Creating the ratelimit object is easy, we give it a unique key, and an instance of the redis client, if we already have one for other purposes:

def ratelimit
  @ratelimit ||= Ratelimit.new(
    "strava_sync",
    redis: $redis # We are already using Redis elsewhere in the app. If you aren't, leave out this parameter
  )
end

Next, we’ll implement the ratelimited method, which accepts a block and only calls it if the service has not exceeded the limit.

def ratelimited(&:block)
  raise "Ratelimit met" if ratelimit.exceeded?(RL_SUBJECT, interval: RL_INTERVAL, threshold: RL_THRESHOLD)
  block.call
end

Above, you can see we implicitly raise a RuntimeError with a message. This exception will trigger Sidekiq to re-queue the job and try in 15 minutes.

Earlier, I hinted this was not the solution we ended with (I’ll write that up in the next post).

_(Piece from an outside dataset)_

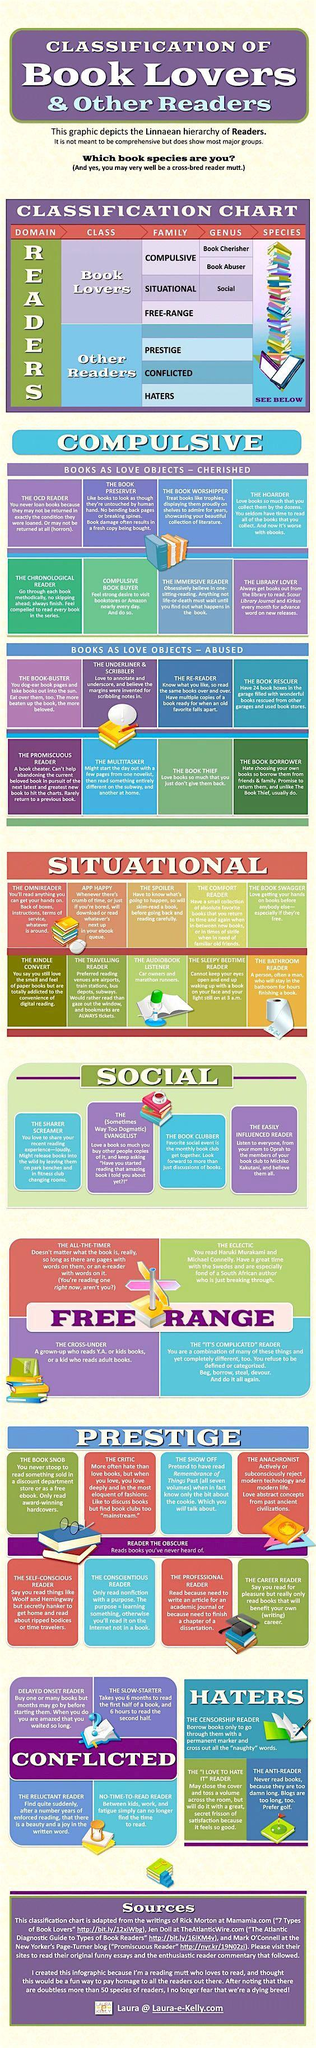List a handful of essential elements in this visual. There are three types of haters mentioned in the infographic. The book preserver is most likely to replace a damaged book with a fresh copy, as they are a compulsive book lover. The career reader group is composed of individuals who exclusively engage in reading books that are beneficial to their careers. The book thief is a compulsive book lover who never returns borrowed books. The book clubber is the third type of social reader. 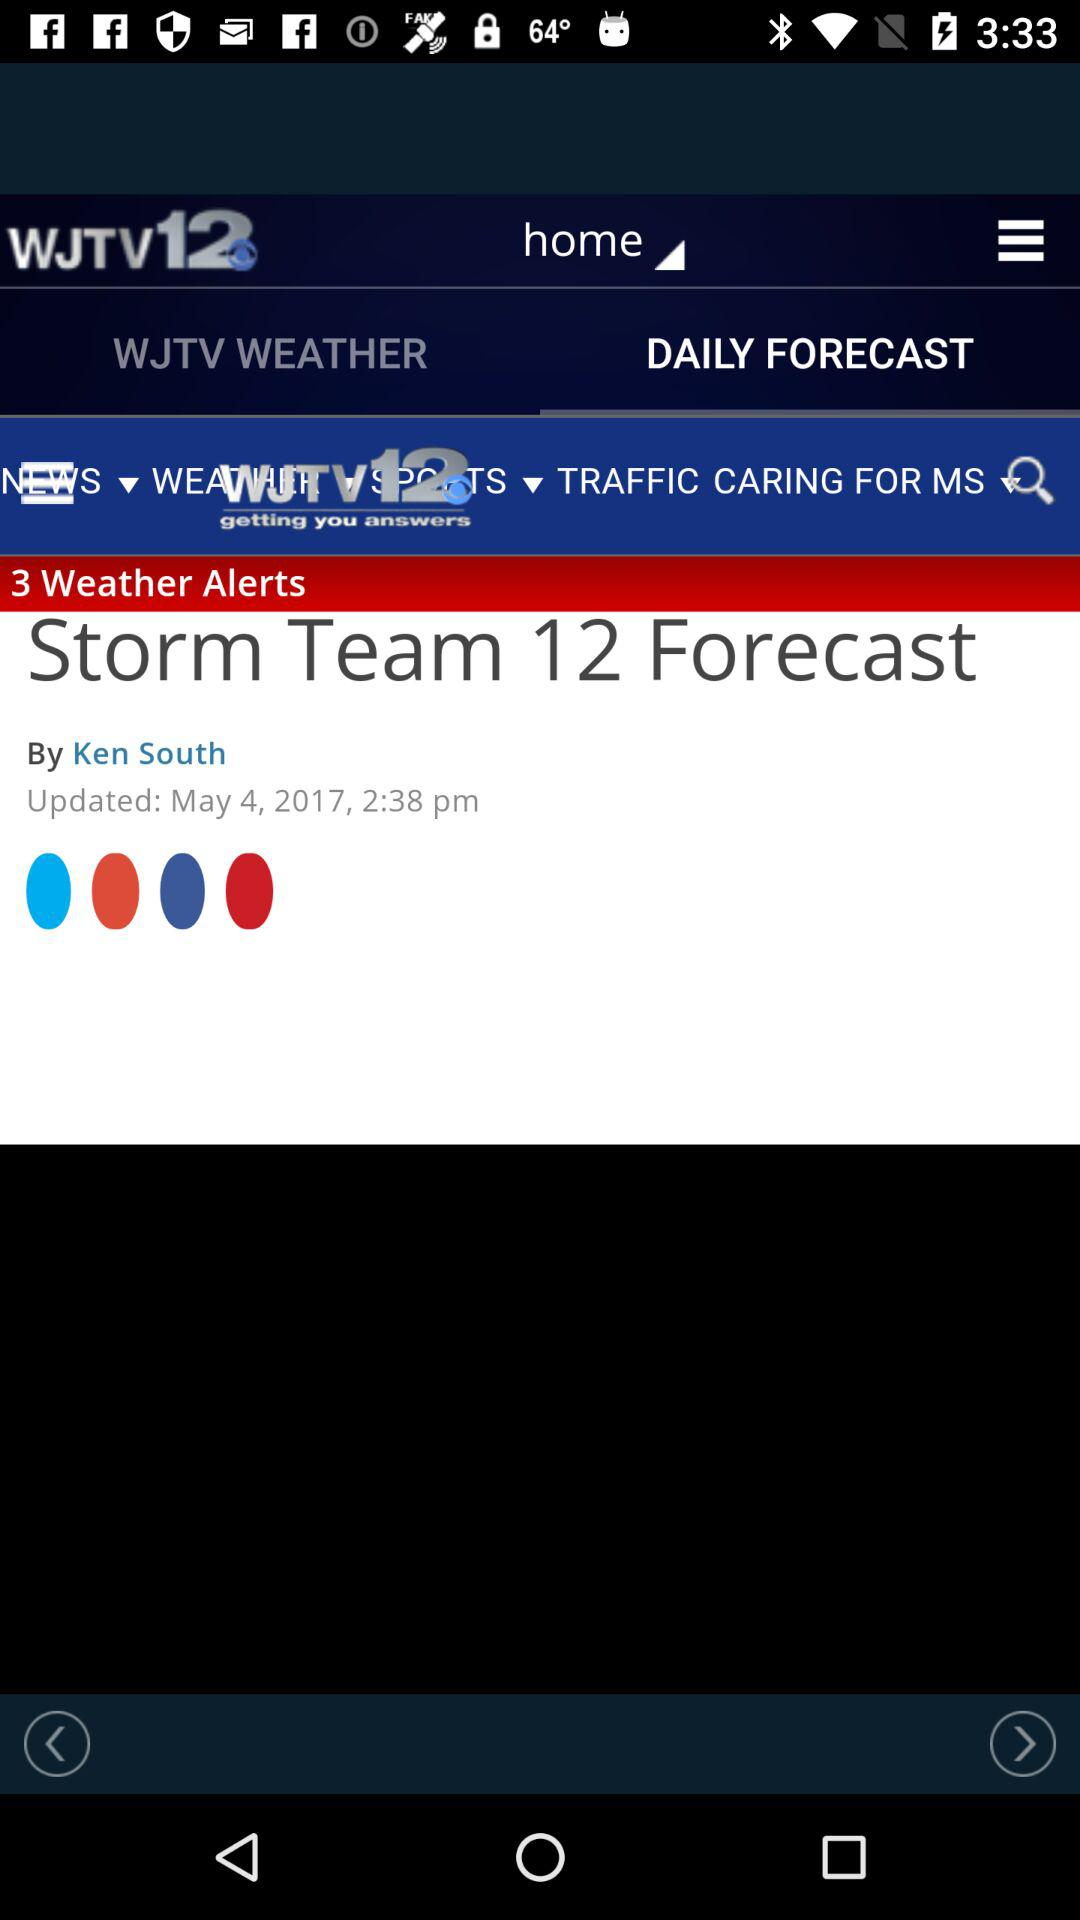What is the name of the application? The application name is "WJTV12".

We have somewhere around 6000 users for which we want twice daily sync of strava trips taken. Coupled with the short nature of the job (many requests will do little work as not all users will have recorded a ride since our last check), this causes lots of retries as we quickly hit the 600 requests per 15 minutes ceiling. However, the above approach sees perhaps a majority of the jobs re-queued by Sidekiq. This is fine, as they will get serviced eventually, and sidekiq is very efficient at it’s work. But thousands of jobs were being requeued was the norm (not the exception), which feels wrong.